静江节度使刘士政闻马殷悉平岭北,大惧,遣副使陈可璠屯全义岭以备之。殷遣使修好于士政,可璠拒之。殷遣其将秦彦晖、李琼等将兵七千击士政。湖南军至全义,士政又遣指挥使王建武屯秦城。可璠掠县民耕牛以犒军,县民怨之,请为湖南乡异,曰:「此西南有小径,距秦城才五十里,仅通单骑。」彦晖遣李琼将骑六十、步兵三百袭秦城,中宵,逾垣而入,擒王建武,比明,复还,丝斥之以练,造可璠壁下示之,可璠犹未之信。斩其首,投壁中,桂人震恐。琼因勒兵击之,擒可璠,降其将士二千,皆杀之。引兵趣桂州,自秦城以南二十余壁皆望风奔溃,遂围桂州。数日,士政出降,桂、宜、岩、柳、象五州皆降于湖南。马殷以李琼为桂州刺史,未几,表为静江节度使。

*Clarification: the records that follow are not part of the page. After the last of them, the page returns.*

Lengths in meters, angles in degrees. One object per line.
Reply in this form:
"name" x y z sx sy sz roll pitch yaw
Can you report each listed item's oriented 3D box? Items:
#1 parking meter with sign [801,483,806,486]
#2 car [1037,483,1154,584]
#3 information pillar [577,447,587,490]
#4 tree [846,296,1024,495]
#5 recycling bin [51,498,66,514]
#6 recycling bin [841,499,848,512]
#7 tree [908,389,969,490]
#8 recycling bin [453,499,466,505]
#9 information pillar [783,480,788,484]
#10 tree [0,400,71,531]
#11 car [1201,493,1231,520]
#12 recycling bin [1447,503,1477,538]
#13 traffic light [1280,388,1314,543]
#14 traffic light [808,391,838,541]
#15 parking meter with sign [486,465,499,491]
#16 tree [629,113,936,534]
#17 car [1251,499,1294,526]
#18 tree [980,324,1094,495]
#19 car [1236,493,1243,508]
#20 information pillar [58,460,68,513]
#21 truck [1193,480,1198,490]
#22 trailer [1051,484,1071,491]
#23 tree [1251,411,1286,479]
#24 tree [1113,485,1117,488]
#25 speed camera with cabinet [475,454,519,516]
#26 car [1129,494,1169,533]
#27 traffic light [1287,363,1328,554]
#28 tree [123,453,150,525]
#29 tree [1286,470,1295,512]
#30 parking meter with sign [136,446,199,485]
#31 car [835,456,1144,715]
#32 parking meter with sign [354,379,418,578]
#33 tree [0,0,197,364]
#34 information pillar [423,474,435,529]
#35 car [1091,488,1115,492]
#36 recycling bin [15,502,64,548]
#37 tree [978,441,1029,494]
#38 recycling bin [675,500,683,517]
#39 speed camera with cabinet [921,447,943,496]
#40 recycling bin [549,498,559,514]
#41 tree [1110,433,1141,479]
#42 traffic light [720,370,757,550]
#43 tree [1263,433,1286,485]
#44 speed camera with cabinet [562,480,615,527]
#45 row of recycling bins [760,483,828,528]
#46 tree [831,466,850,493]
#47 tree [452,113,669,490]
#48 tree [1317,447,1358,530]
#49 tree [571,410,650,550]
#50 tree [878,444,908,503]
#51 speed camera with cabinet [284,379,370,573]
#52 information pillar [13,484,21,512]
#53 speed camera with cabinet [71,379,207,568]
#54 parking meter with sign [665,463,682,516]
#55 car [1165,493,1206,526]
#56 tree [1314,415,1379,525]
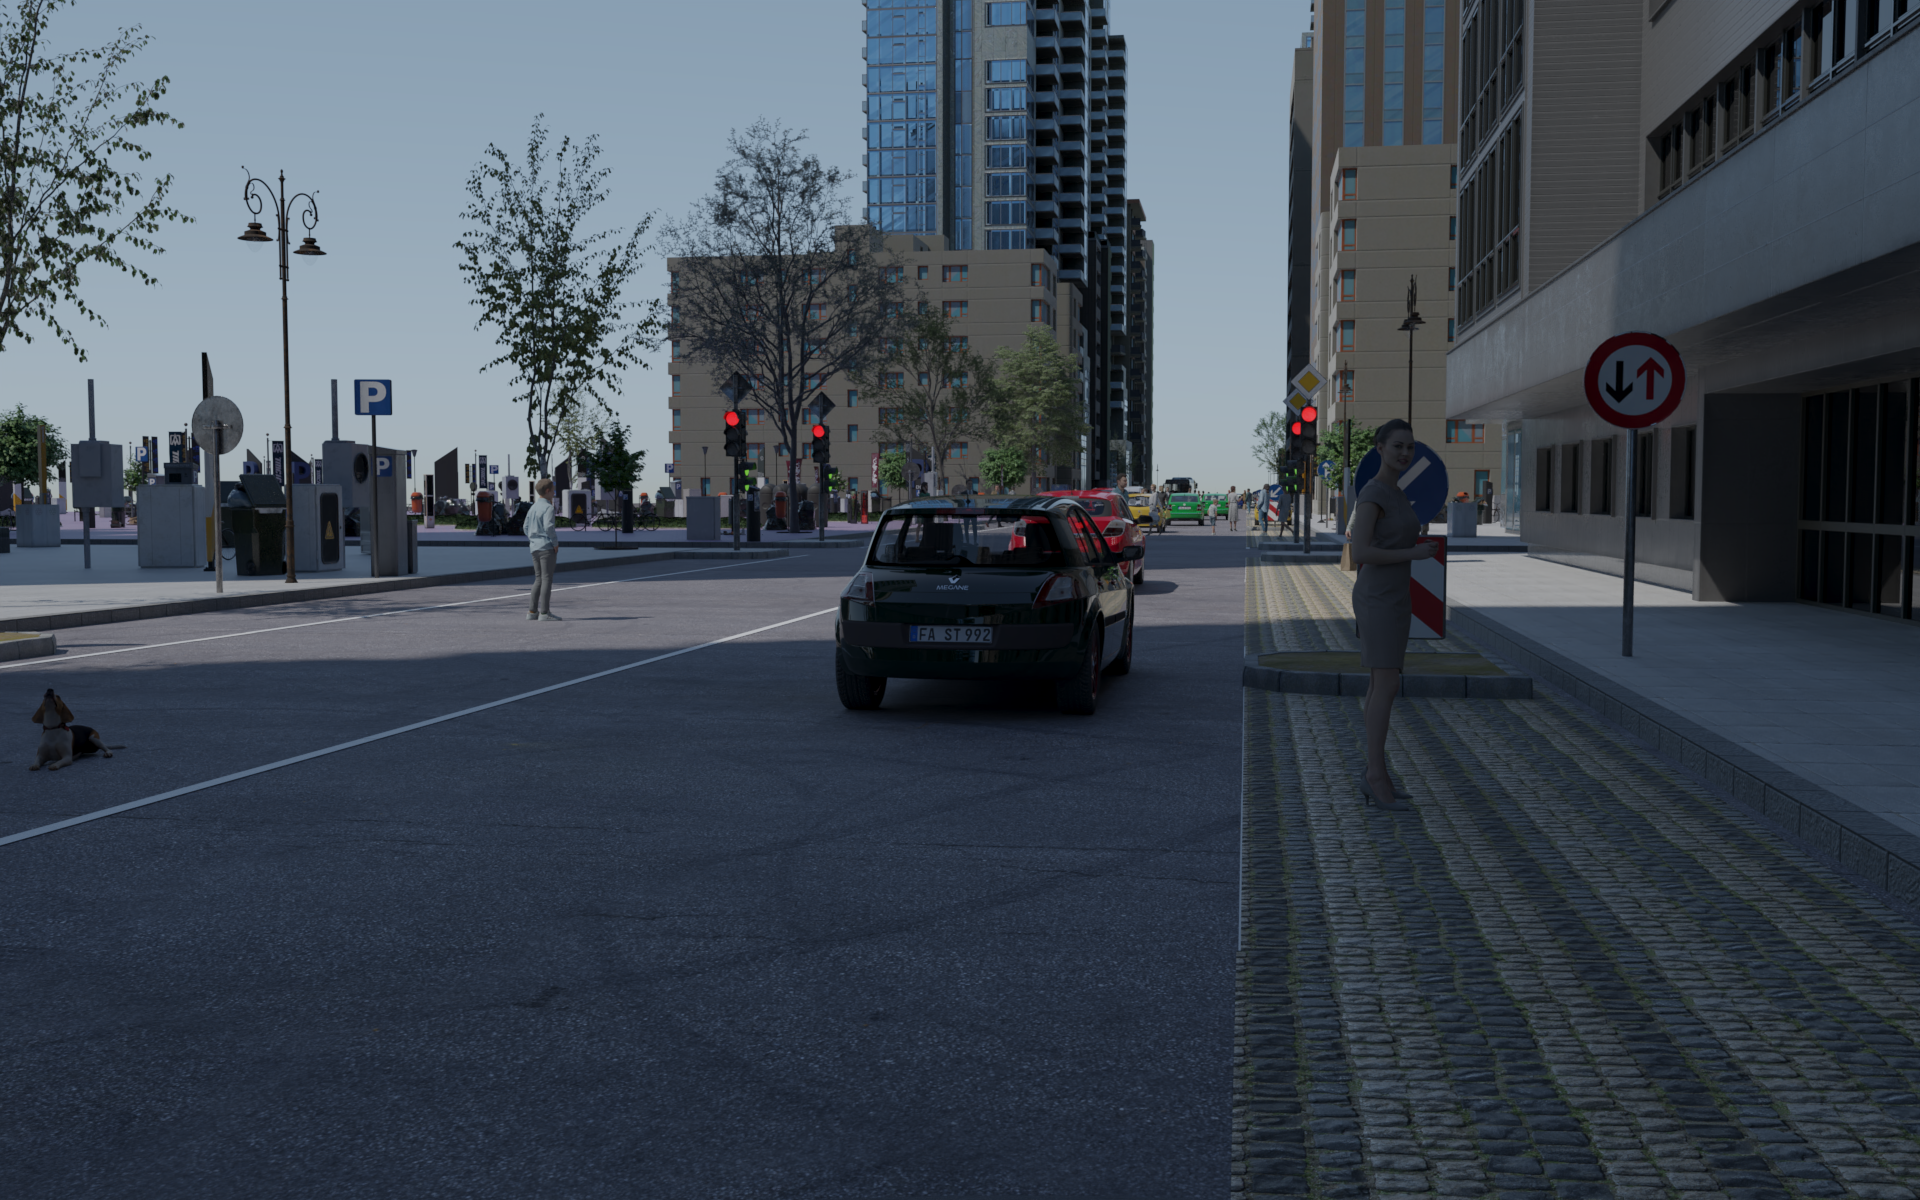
"parking meter with sign" -10.907 -7.494 118.780 1.738 3.016 0.543 -3 4 -36
"car" 1.850 -1.066 26.476 2.155 1.783 4.494 1 4 9
"information pillar" -18.934 -5.841 86.850 0.504 3.616 0.183 1 4 16
"tree" -0.848 -8.967 81.019 8.767 10.594 7.601 -2 4 -31
"recycling bin" -57.357 -5.963 110.048 0.722 1.027 0.722 1 4 18
"recycling bin" -6.271 -5.092 95.808 0.722 1.027 0.722 -2 4 -33
"tree" -1.526 -10.418 120.701 4.360 8.622 3.978 0 3 0
"recycling bin" -26.961 -4.922 93.026 0.722 1.027 0.722 -2 4 -29
"information pillar" -9.111 -5.298 91.122 0.304 2.012 0.304 1 4 22
"tree" -32.880 -4.717 60.834 4.285 4.588 4.351 0 3 0
"car" 14.183 -5.359 96.410 1.959 1.807 4.718 0 4 8
"recycling bin" 14.919 -2.380 51.467 0.722 1.027 0.722 0 4 2
"traffic light" 8.781 -3.441 45.178 0.839 4.253 0.868 1 4 9
"traffic light" -3.763 -3.566 47.233 0.839 4.253 0.868 1 4 9
"parking meter with sign" -28.291 -6.620 104.499 0.543 3.016 1.738 -2 4 -28
"tree" -5.563 -8.940 56.532 12.009 13.543 11.850 0 3 0
"car" 14.403 -4.245 79.628 2.015 1.641 3.980 1 4 10
"tree" 5.045 -12.077 115.593 7.486 12.596 7.792 0 3 0
"car" 27.728 -10.042 173.774 1.945 1.707 3.694 1 4 10
"information pillar" -60.539 -7.676 116.860 0.504 3.616 0.183 -2 4 -32
"truck" 30.218 -14.455 232.260 3.469 3.379 9.791 1 4 9
"trailer" 6.034 -5.916 103.769 1.471 1.999 3.904 1 4 10
"tree" 38.934 -17.340 209.259 9.928 11.665 9.643 0 3 0
"tree" 17.918 -12.141 193.108 1.663 3.219 1.824 0 3 0
"speed camera with cabinet" -22.793 -5.562 85.273 2.038 3.252 0.660 -2 4 -35
"car" 6.853 -3.364 65.223 2.015 1.641 3.980 1 4 9
"traffic light" 7.475 -2.959 37.300 0.839 4.253 0.868 1 4 9
"tree" -33.746 -4.698 71.419 1.663 3.219 1.824 0 3 0
"tree" 27.059 -9.026 142.173 1.663 3.219 1.824 0 3 0
"parking meter with sign" -18.948 -2.806 42.146 1.738 3.016 0.543 0 4 -4
"car" 0.307 -0.182 12.760 2.009 1.686 4.222 1 4 10
"parking meter with sign" -8.952 -1.891 27.184 0.543 3.016 1.738 0 4 -3
"tree" -11.052 -4.234 19.591 4.360 8.622 3.978 0 3 0
"information pillar" -19.806 -3.677 64.604 0.304 2.012 0.304 -2 4 -34
"car" 8.858 -6.016 107.032 2.281 1.827 5.304 1 4 11
"recycling bin" -22.331 -1.798 41.955 0.722 1.027 0.722 2 4 32
"tree" 2.673 -7.422 105.058 4.285 4.588 4.351 0 3 0
"recycling bin" -12.744 -4.148 80.370 0.722 1.027 0.722 -3 5 -41
"speed camera with cabinet" -1.177 -4.810 72.975 0.660 3.252 2.038 1 4 11
"recycling bin" -25.862 -5.942 109.704 0.722 1.027 0.722 1 4 14
"tree" 18.425 -15.152 198.092 4.360 8.622 3.978 0 3 0
"traffic light" -5.068 -3.085 39.355 0.839 4.253 0.868 1 4 9
"tree" 37.840 -15.398 202.123 4.737 8.622 4.395 0 3 0
"speed camera with cabinet" -14.647 -4.532 68.435 2.038 3.252 0.660 -2 4 -35
"row of recycling bins" -6.516 -3.693 67.493 3.534 1.692 1.069 3 5 41
"tree" -8.342 -7.568 118.345 1.663 3.219 1.824 0 3 0
"tree" -8.162 -5.154 34.627 4.737 8.622 4.395 0 3 0
"tree" 13.920 -4.139 62.269 1.663 3.219 1.824 0 3 0
"tree" -7.889 -2.776 39.982 1.663 3.219 1.824 0 3 0
"tree" -3.865 -7.833 111.777 4.285 4.588 4.351 0 3 0
"speed camera with cabinet" -10.645 -2.131 29.175 0.660 3.252 2.038 0 4 6
"information pillar" -40.869 -5.127 75.179 0.183 3.616 0.504 1 4 19
"speed camera with cabinet" -14.261 -2.186 30.085 2.038 3.252 0.660 0 4 -5
"parking meter with sign" -16.039 -6.205 97.708 0.543 3.016 1.738 -2 4 -33
"car" 10.283 -4.312 79.305 1.959 1.807 4.718 0 4 8
"tree" 16.168 -5.379 71.667 4.285 4.588 4.351 0 3 0

静江节度使刘士政听说马殷平定了岭北,非常害怕,派副使陈可璠驻扎在全义岭来防备。马殷派使者向刘士政表示友好,陈可璠拒绝了他。马殷派他的将领秦彦晖、李琼等人率领七千军队攻打刘士政。湖南军队到达全义,刘士政又派指挥使王建武驻扎在秦城。陈可璠掠夺县民的耕牛来犒劳军队,县民怨恨他,请求为湖南军做向导,说:“这里西南方有一条小路,距离秦城只有五十里,只能通过单人骑马。”秦彦晖派李琼率领六十名骑兵、三百名步兵袭击秦城,半夜翻墙而入,擒获王建武,到天亮时返回,并用白绢将王建武捆绑起来,带到陈可璠的营垒下给他看,陈可璠还不相信。李琼砍下王建武的头,扔进营垒中,桂州人震惊恐惧。李琼于是率军攻击,擒获陈可璠,降服了他的将士二千人,全部杀掉。然后率军直奔桂州,从秦城以南的二十多座营垒都望风奔溃,于是包围了桂州。几天后,刘士政出城投降,桂州、宜州、岩州、柳州、象州五州都归降了湖南。马殷任命李琼为桂州刺史,不久,上表推荐他为静江节度使。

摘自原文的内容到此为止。